Saturated, soggy

It started raining as we arrived at the coffeeshop downstairs for lunch. By the time we were done eating, half an hour later, the winds were whipping madly through the neighbourhood, rattling the awning over the al fresco seating area of the coffeeshop and scattering bits of stray litter and ashes from yesterday's Seventh Moon burning of offerings. Customers exclaimed, stallholders cursed as untethered items went flying; something crashed loudly off a shelf.

I wonder if this was what it was like, just before the hurricane first hit ground at Louisiana.

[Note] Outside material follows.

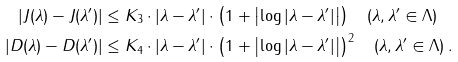Convert formula to latex. <formula><loc_0><loc_0><loc_500><loc_500>| J ( \lambda ) - J ( \lambda ^ { \prime } ) | & \leq K _ { 3 } \cdot | \lambda - \lambda ^ { \prime } | \cdot \left ( 1 + \left | \log | \lambda - \lambda ^ { \prime } | \right | \right ) \quad ( \lambda , \lambda ^ { \prime } \in \Lambda ) \\ | D ( \lambda ) - D ( \lambda ^ { \prime } ) | & \leq K _ { 4 } \cdot | \lambda - \lambda ^ { \prime } | \cdot \left ( 1 + \left | \log | \lambda - \lambda ^ { \prime } | \right | \right ) ^ { 2 } \quad ( \lambda , \lambda ^ { \prime } \in \Lambda ) \, .</formula> 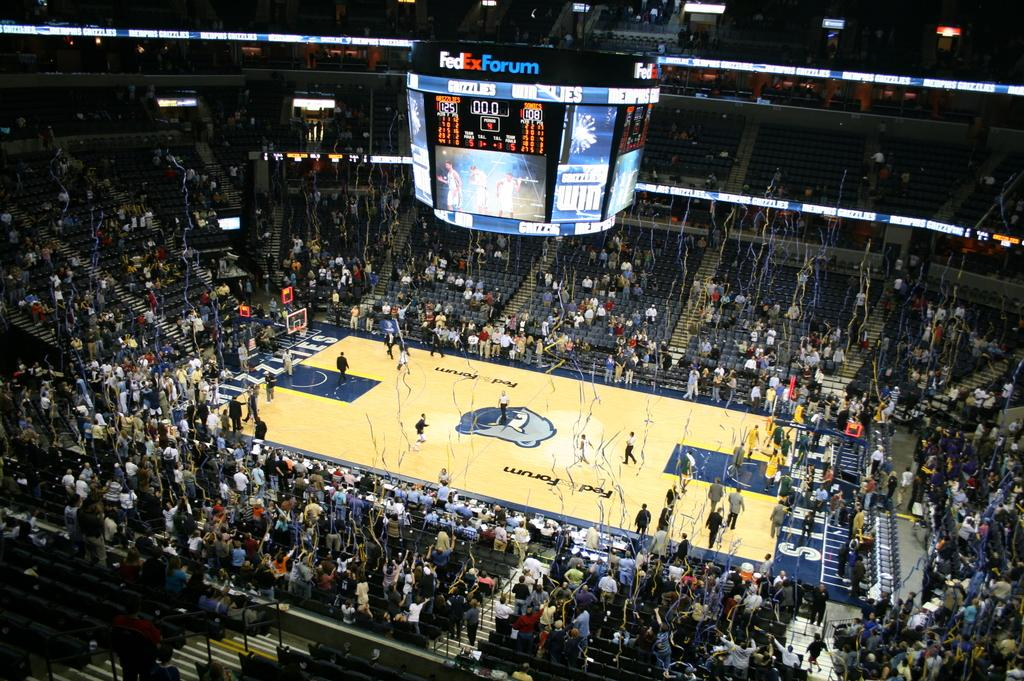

One side-effect of deliberately not reading or watching the news, is not knowing about big things that happen. It wasn't till I saw my brother's entry yesterday that I got to digging at websites to find out what the hell was going on.

Hell, indeed.

Some points to ponder:
  • Christastrophe's "The situation as it stands":
    It would be one thing if the reaction were coordinated and if there had not been budgetary cuts to these programs. Then we should hang our heads and say, "What can we do in the face of the power of nature? We have done ALL THAT WE COULD DO. But that's not the case.
  • Cherie Priest's "Disjointed thoughts on the socio-economics of disaster":
    They stayed because they could not run, and now they might die because they cannot swim.
  • John Scalzi's "Being Poor":
    Being poor is relying on people who don't give a damn about you.
  • Rogue Slayer Law Student's "The Presidential Tour":
    Speak true, Mr. President. Drop the spin and we might start believing you.
  • Salon's "The culture war over Katrina" (subscription or clicking through ads may be required):
    Right-wingers point to blacks looting and see a Hobbesian war of all against all. Liberals see a failure of civilization to help the poorest among us.
  • Edited to add (Sep 5): IZ Reloaded's "Katrina survivor speaks", an interview with his friend, who was on holiday in New Orleans when the hurricane hit:
    We come to the Superdome to seek refuge but all we get is hell.
  • Edited to add (Sep 8): Alternet Blogs has an extremely informative interactive timeline on the buildup to the tragedy.
Teresa Nielsen Hayden's Making Light is also chock-full of information (which is where I found the link to Cherie Priest's piece).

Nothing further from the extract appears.